··· Data records

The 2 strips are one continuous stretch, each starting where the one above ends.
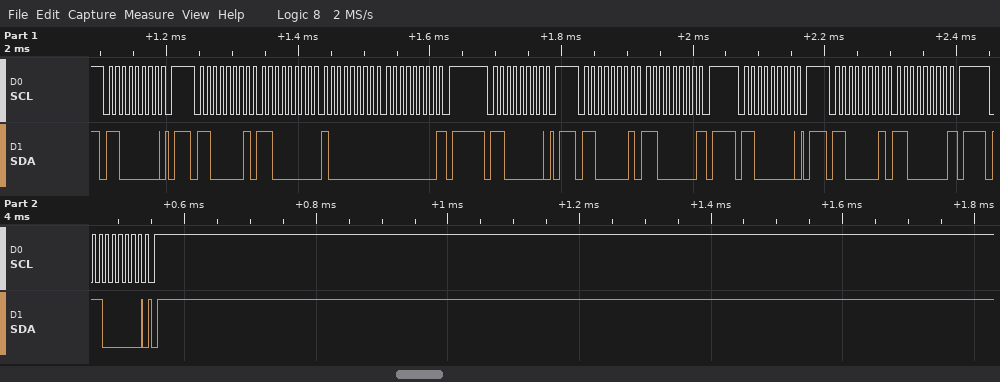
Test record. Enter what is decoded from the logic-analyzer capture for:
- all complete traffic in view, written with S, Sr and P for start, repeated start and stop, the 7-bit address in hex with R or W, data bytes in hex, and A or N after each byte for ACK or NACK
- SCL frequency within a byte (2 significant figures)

S 60W A P S 60R A C0 A 80 A 00 N P S 60W A P S 60R A C0 N P S 60W A P S 60R A C0 N P S 60W A P
100 kHz

······

### What you have to do
Filter the entries down to the lines that hold "each". Copy those lines.

### Worked solution
The 2 strips are one continuous stretch, each starting where the one above ends.
- all complete traffic in view, written with S, Sr and P for start, repeated start and stop, the 7-bit address in hex with R or W, data bytes in hex, and A or N after each byte for ACK or NACK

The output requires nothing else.